**Task instructions:**
Your answer should be the lines below from the one with "Answer: Deaths, Injuries, Displaced, Economic" to the one with "Answer: 4,571.43 injuries", both included, given again exactly and with nothing added.

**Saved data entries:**
-- Opening Marker --

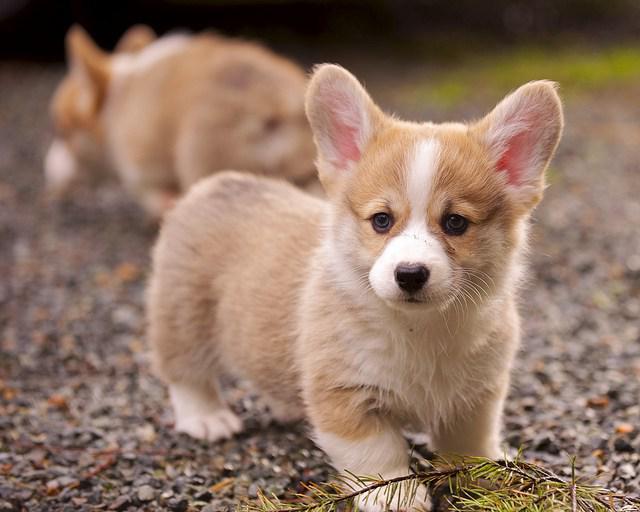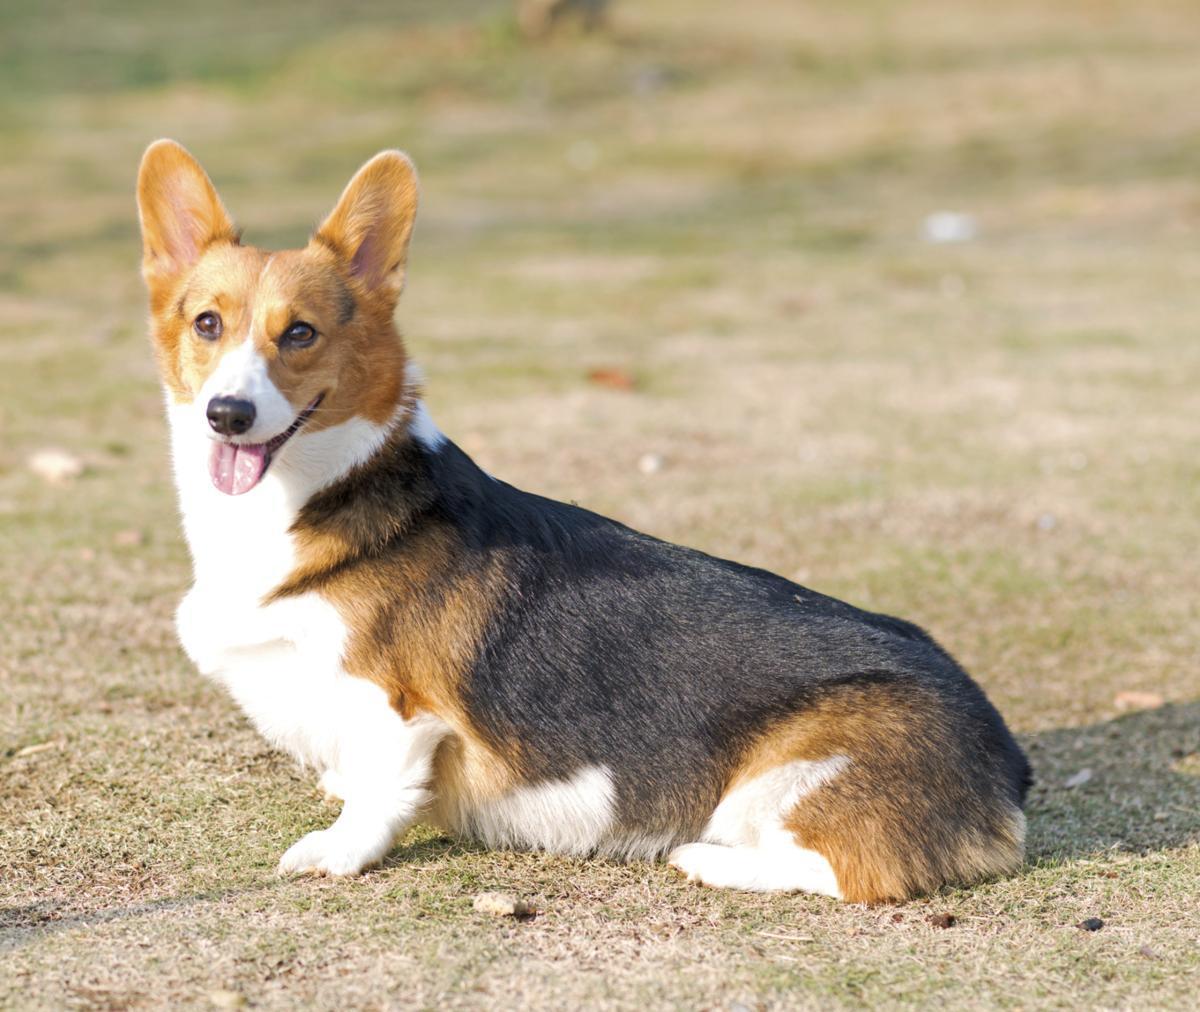The first image is the image on the left, the second image is the image on the right. Analyze the images presented: Is the assertion "There are two dogs in the left image." valid? Answer yes or no. Yes. The first image is the image on the left, the second image is the image on the right. Given the left and right images, does the statement "Only one of the dogs has its mouth open." hold true? Answer yes or no. Yes. 
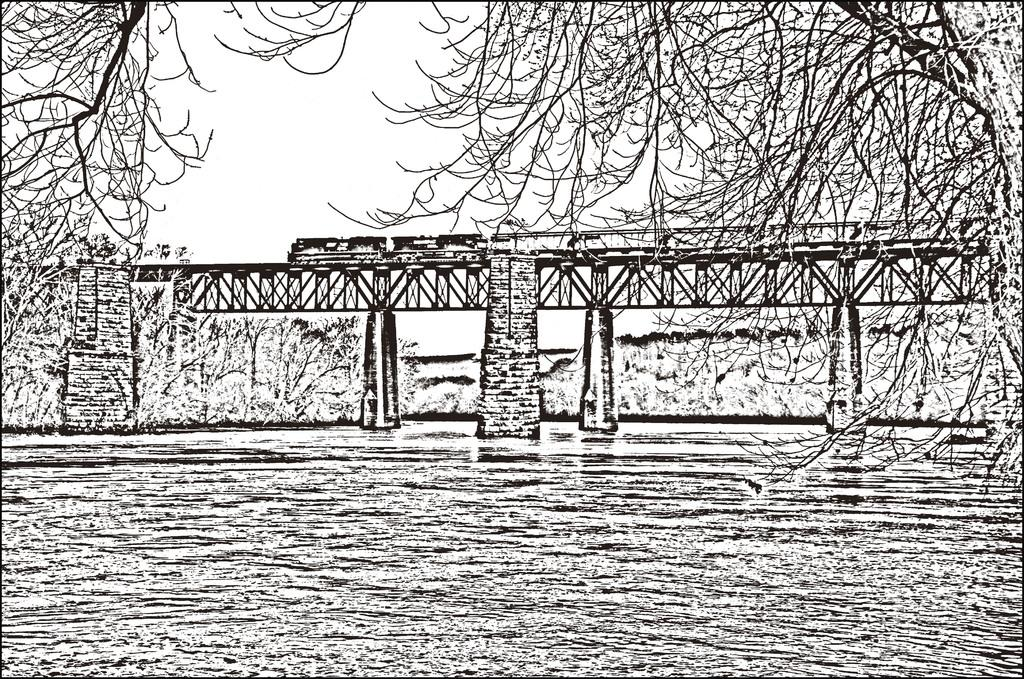What is the color scheme of the image? The image is black and white. What structure can be seen in the image? There is a railway bridge in the image. What is happening on the bridge? A train is moving on the bridge. What type of vegetation is present in the image? There are many trees in the image. What is the reaction of the trees to the train passing by? There is no indication of the trees reacting to the train in the image, as trees do not have the ability to react in the same way as living beings. 
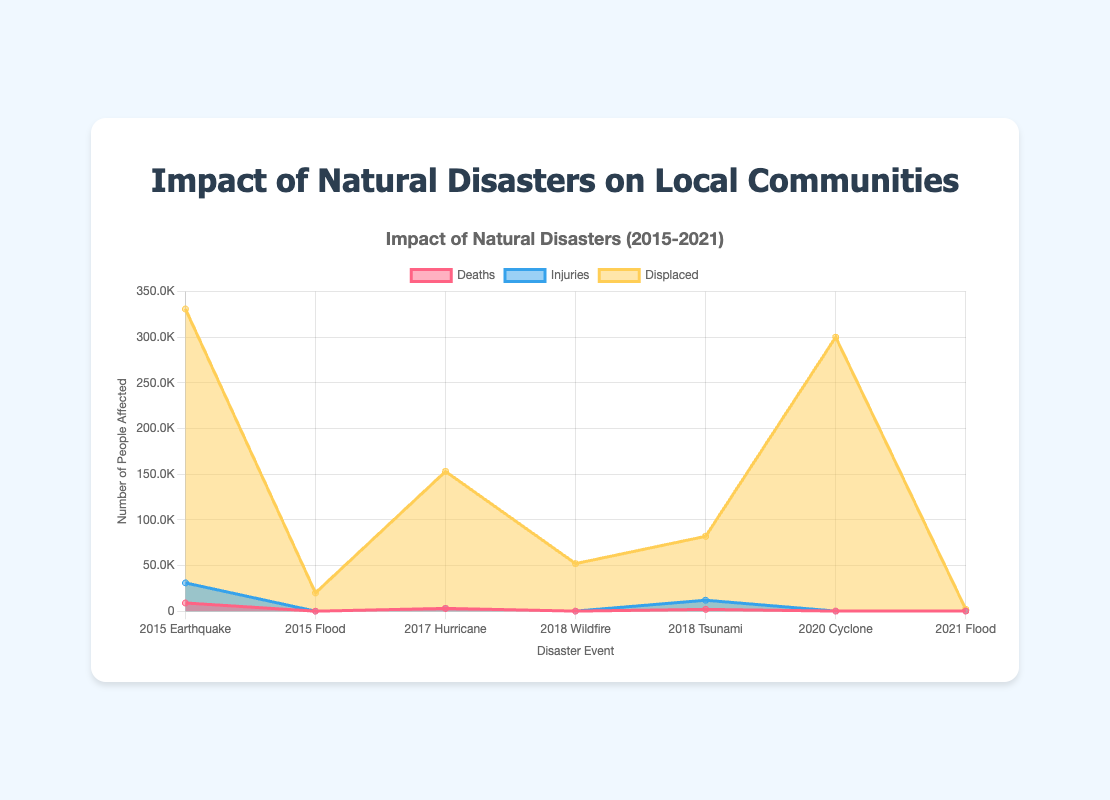What is the title of the area chart? The title is located at the top of the chart, displaying the main subject.
Answer: Impact of Natural Disasters on Local Communities What are the four types of impact measured in the area chart? The legend at the top right of the chart identifies the types of impact.
Answer: Deaths, Injuries, Displaced, Economic Losses Which natural disaster had the highest number of displaced people? By examining the "Displaced" section of the area chart, we can identify which disaster has the highest value in that category.
Answer: 2015 Earthquake (300,000 displaced) How many deaths were caused by the 2015 Flood in South Carolina, USA? Look at the "Deaths" section of the chart and find the value corresponding to the 2015 Flood event.
Answer: 19 deaths Compare the impact of the 2017 Hurricane in Puerto Rico and the 2018 Wildfire in California, USA, in terms of economic losses. Which one caused more damage? Check the economic losses for both disasters in their respective segments on the chart.
Answer: 2017 Hurricane (91 billion vs 16 billion) Summarize the number of deaths caused by all the natural disasters recorded in the chart. Add the number of deaths for all disasters shown in the "Deaths" section of the chart.
Answer: 14,486 deaths On average, how many people were injured annually due to natural disasters from 2015 to 2021? Sum the total number of injuries and divide by the number of years represented. (22000 + 0 + 0 + 10000 + 0 + 0 = 32000; 32000 / 7 years)
Answer: 4,571.43 injuries per year Which year experienced the most variety in natural disasters, and what were they? Identify the year with the highest number of distinct disasters by examining the x-axis labels.
Answer: 2018 (Wildfire and Tsunami) Compare the total number of injuries and the total number of displaced people from all disasters. Which is greater? Sum the total injuries and total displaced columns from the respective "Injuries" and "Displaced" sections of the chart. Analyze and compare the two sums.
Answer: Displaced (418,000 vs 32,000) Which disaster had the least economic loss and what was the amount? Look at the "Economic Losses" section and find the event with the lowest value.
Answer: 2018 Tsunami (1 billion) 
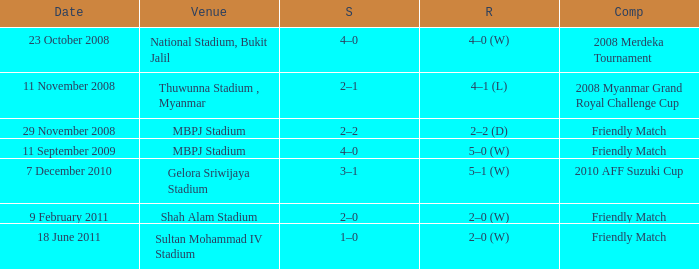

-- Closing Marker --

**Solution for this problem:**
Answer: Deaths, Injuries, Displaced, Economic Losses Which natural disaster had the highest number of displaced people? By examining the "Displaced" section of the area chart, we can identify which disaster has the highest value in that category.
Answer: 2015 Earthquake (300,000 displaced) How many deaths were caused by the 2015 Flood in South Carolina, USA? Look at the "Deaths" section of the chart and find the value corresponding to the 2015 Flood event.
Answer: 19 deaths Compare the impact of the 2017 Hurricane in Puerto Rico and the 2018 Wildfire in California, USA, in terms of economic losses. Which one caused more damage? Check the economic losses for both disasters in their respective segments on the chart.
Answer: 2017 Hurricane (91 billion vs 16 billion) Summarize the number of deaths caused by all the natural disasters recorded in the chart. Add the number of deaths for all disasters shown in the "Deaths" section of the chart.
Answer: 14,486 deaths On average, how many people were injured annually due to natural disasters from 2015 to 2021? Sum the total number of injuries and divide by the number of years represented. (22000 + 0 + 0 + 10000 + 0 + 0 = 32000; 32000 / 7 years)
Answer: 4,571.43 injuries per year Which year experienced the most variety in natural disasters, and what were they? Identify the year with the highest number of distinct disasters by examining the x-axis labels.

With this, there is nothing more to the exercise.